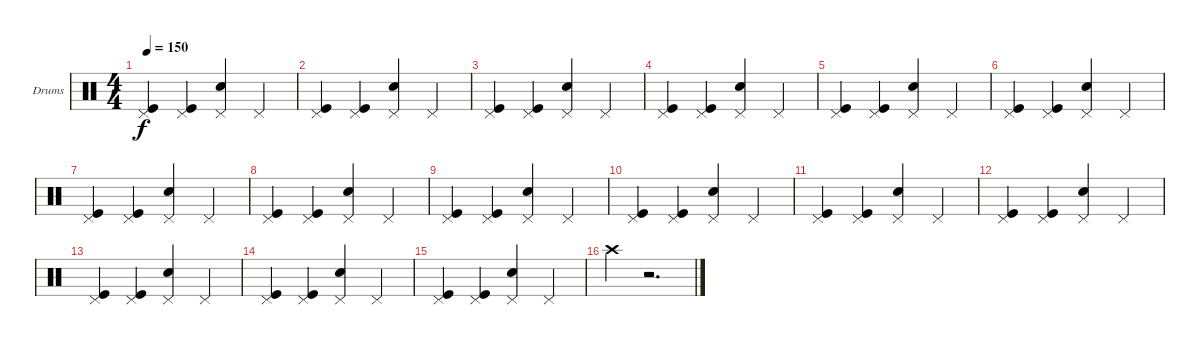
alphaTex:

\bracketExtendMode groupsimilarinstruments
\firstSystemTrackNameOrientation horizontal
\otherSystemsTrackNameOrientation horizontal
\track ("Drumkit" "Drums") {instrument percussion}
\staff {score}
\articulation defaults
\ts (4 4)
\tempo 150
\clef neutral
\ks c
("Pedal Hi-Hat (hit)" "Kick (hit)").4{dy f} ("Pedal Hi-Hat (hit)" "Kick (hit)").4 ("Pedal Hi-Hat (hit)" "Snare (hit) 2").4 "Pedal Hi-Hat (hit)".4 |
("Pedal Hi-Hat (hit)" "Kick (hit)").4 ("Pedal Hi-Hat (hit)" "Kick (hit)").4 ("Pedal Hi-Hat (hit)" "Snare (hit) 2").4 "Pedal Hi-Hat (hit)".4 |
("Pedal Hi-Hat (hit)" "Kick (hit)").4 ("Pedal Hi-Hat (hit)" "Kick (hit)").4 ("Pedal Hi-Hat (hit)" "Snare (hit) 2").4 "Pedal Hi-Hat (hit)".4 |
("Pedal Hi-Hat (hit)" "Kick (hit)").4 ("Pedal Hi-Hat (hit)" "Kick (hit)").4 ("Pedal Hi-Hat (hit)" "Snare (hit) 2").4 "Pedal Hi-Hat (hit)".4 |
("Pedal Hi-Hat (hit)" "Kick (hit)").4 ("Pedal Hi-Hat (hit)" "Kick (hit)").4 ("Pedal Hi-Hat (hit)" "Snare (hit) 2").4 "Pedal Hi-Hat (hit)".4 |
("Pedal Hi-Hat (hit)" "Kick (hit)").4 ("Pedal Hi-Hat (hit)" "Kick (hit)").4 ("Pedal Hi-Hat (hit)" "Snare (hit) 2").4 "Pedal Hi-Hat (hit)".4 |
("Pedal Hi-Hat (hit)" "Kick (hit)").4 ("Pedal Hi-Hat (hit)" "Kick (hit)").4 ("Pedal Hi-Hat (hit)" "Snare (hit) 2").4 "Pedal Hi-Hat (hit)".4 |
("Pedal Hi-Hat (hit)" "Kick (hit)").4 ("Pedal Hi-Hat (hit)" "Kick (hit)").4 ("Pedal Hi-Hat (hit)" "Snare (hit) 2").4 "Pedal Hi-Hat (hit)".4 |
("Pedal Hi-Hat (hit)" "Kick (hit)").4 ("Pedal Hi-Hat (hit)" "Kick (hit)").4 ("Pedal Hi-Hat (hit)" "Snare (hit) 2").4 "Pedal Hi-Hat (hit)".4 |
("Pedal Hi-Hat (hit)" "Kick (hit)").4 ("Pedal Hi-Hat (hit)" "Kick (hit)").4 ("Pedal Hi-Hat (hit)" "Snare (hit) 2").4 "Pedal Hi-Hat (hit)".4 |
("Pedal Hi-Hat (hit)" "Kick (hit)").4 ("Pedal Hi-Hat (hit)" "Kick (hit)").4 ("Pedal Hi-Hat (hit)" "Snare (hit) 2").4 "Pedal Hi-Hat (hit)".4 |
("Pedal Hi-Hat (hit)" "Kick (hit)").4 ("Pedal Hi-Hat (hit)" "Kick (hit)").4 ("Pedal Hi-Hat (hit)" "Snare (hit) 2").4 "Pedal Hi-Hat (hit)".4 |
("Pedal Hi-Hat (hit)" "Kick (hit)").4 ("Pedal Hi-Hat (hit)" "Kick (hit)").4 ("Pedal Hi-Hat (hit)" "Snare (hit) 2").4 "Pedal Hi-Hat (hit)".4 |
("Pedal Hi-Hat (hit)" "Kick (hit)").4 ("Pedal Hi-Hat (hit)" "Kick (hit)").4 ("Pedal Hi-Hat (hit)" "Snare (hit) 2").4 "Pedal Hi-Hat (hit)".4 |
("Pedal Hi-Hat (hit)" "Kick (hit)").4 ("Pedal Hi-Hat (hit)" "Kick (hit)").4 ("Pedal Hi-Hat (hit)" "Snare (hit) 2").4 "Pedal Hi-Hat (hit)".4 |
"Crash high (hit)".4 r.2{d}
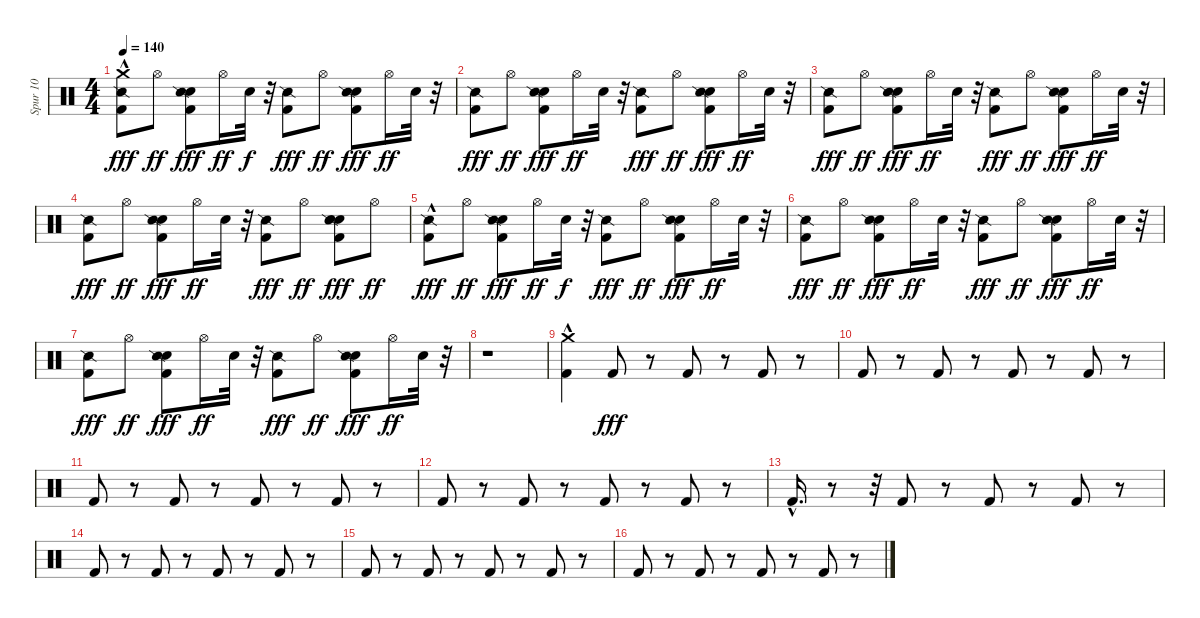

# # #

### [About this task]
Each line of the material above should be set down exactly, with no pictures.

### [Expected answer]
alphaTex:

\bracketExtendMode groupsimilarinstruments
\firstSystemTrackNameOrientation horizontal
\otherSystemsTrackNameOrientation horizontal
\track ("Drumkit" "Drums") {instrument percussion}
\staff {score}
\articulation defaults
\ts (4 4)
\tempo 150
\clef neutral
\ks c
("Pedal Hi-Hat (hit)" "Kick (hit)").4{dy f} ("Pedal Hi-Hat (hit)" "Kick (hit)").4 ("Pedal Hi-Hat (hit)" "Snare (hit) 2").4 "Pedal Hi-Hat (hit)".4 |
("Pedal Hi-Hat (hit)" "Kick (hit)").4 ("Pedal Hi-Hat (hit)" "Kick (hit)").4 ("Pedal Hi-Hat (hit)" "Snare (hit) 2").4 "Pedal Hi-Hat (hit)".4 |
("Pedal Hi-Hat (hit)" "Kick (hit)").4 ("Pedal Hi-Hat (hit)" "Kick (hit)").4 ("Pedal Hi-Hat (hit)" "Snare (hit) 2").4 "Pedal Hi-Hat (hit)".4 |
("Pedal Hi-Hat (hit)" "Kick (hit)").4 ("Pedal Hi-Hat (hit)" "Kick (hit)").4 ("Pedal Hi-Hat (hit)" "Snare (hit) 2").4 "Pedal Hi-Hat (hit)".4 |
("Pedal Hi-Hat (hit)" "Kick (hit)").4 ("Pedal Hi-Hat (hit)" "Kick (hit)").4 ("Pedal Hi-Hat (hit)" "Snare (hit) 2").4 "Pedal Hi-Hat (hit)".4 |
("Pedal Hi-Hat (hit)" "Kick (hit)").4 ("Pedal Hi-Hat (hit)" "Kick (hit)").4 ("Pedal Hi-Hat (hit)" "Snare (hit) 2").4 "Pedal Hi-Hat (hit)".4 |
("Pedal Hi-Hat (hit)" "Kick (hit)").4 ("Pedal Hi-Hat (hit)" "Kick (hit)").4 ("Pedal Hi-Hat (hit)" "Snare (hit) 2").4 "Pedal Hi-Hat (hit)".4 |
("Pedal Hi-Hat (hit)" "Kick (hit)").4 ("Pedal Hi-Hat (hit)" "Kick (hit)").4 ("Pedal Hi-Hat (hit)" "Snare (hit) 2").4 "Pedal Hi-Hat (hit)".4 |
("Pedal Hi-Hat (hit)" "Kick (hit)").4 ("Pedal Hi-Hat (hit)" "Kick (hit)").4 ("Pedal Hi-Hat (hit)" "Snare (hit) 2").4 "Pedal Hi-Hat (hit)".4 |
("Pedal Hi-Hat (hit)" "Kick (hit)").4 ("Pedal Hi-Hat (hit)" "Kick (hit)").4 ("Pedal Hi-Hat (hit)" "Snare (hit) 2").4 "Pedal Hi-Hat (hit)".4 |
("Pedal Hi-Hat (hit)" "Kick (hit)").4 ("Pedal Hi-Hat (hit)" "Kick (hit)").4 ("Pedal Hi-Hat (hit)" "Snare (hit) 2").4 "Pedal Hi-Hat (hit)".4 |
("Pedal Hi-Hat (hit)" "Kick (hit)").4 ("Pedal Hi-Hat (hit)" "Kick (hit)").4 ("Pedal Hi-Hat (hit)" "Snare (hit) 2").4 "Pedal Hi-Hat (hit)".4 |
("Pedal Hi-Hat (hit)" "Kick (hit)").4 ("Pedal Hi-Hat (hit)" "Kick (hit)").4 ("Pedal Hi-Hat (hit)" "Snare (hit) 2").4 "Pedal Hi-Hat (hit)".4 |
("Pedal Hi-Hat (hit)" "Kick (hit)").4 ("Pedal Hi-Hat (hit)" "Kick (hit)").4 ("Pedal Hi-Hat (hit)" "Snare (hit) 2").4 "Pedal Hi-Hat (hit)".4 |
("Pedal Hi-Hat (hit)" "Kick (hit)").4 ("Pedal Hi-Hat (hit)" "Kick (hit)").4 ("Pedal Hi-Hat (hit)" "Snare (hit) 2").4 "Pedal Hi-Hat (hit)".4 |
"Crash high (hit)".4 r.2{d}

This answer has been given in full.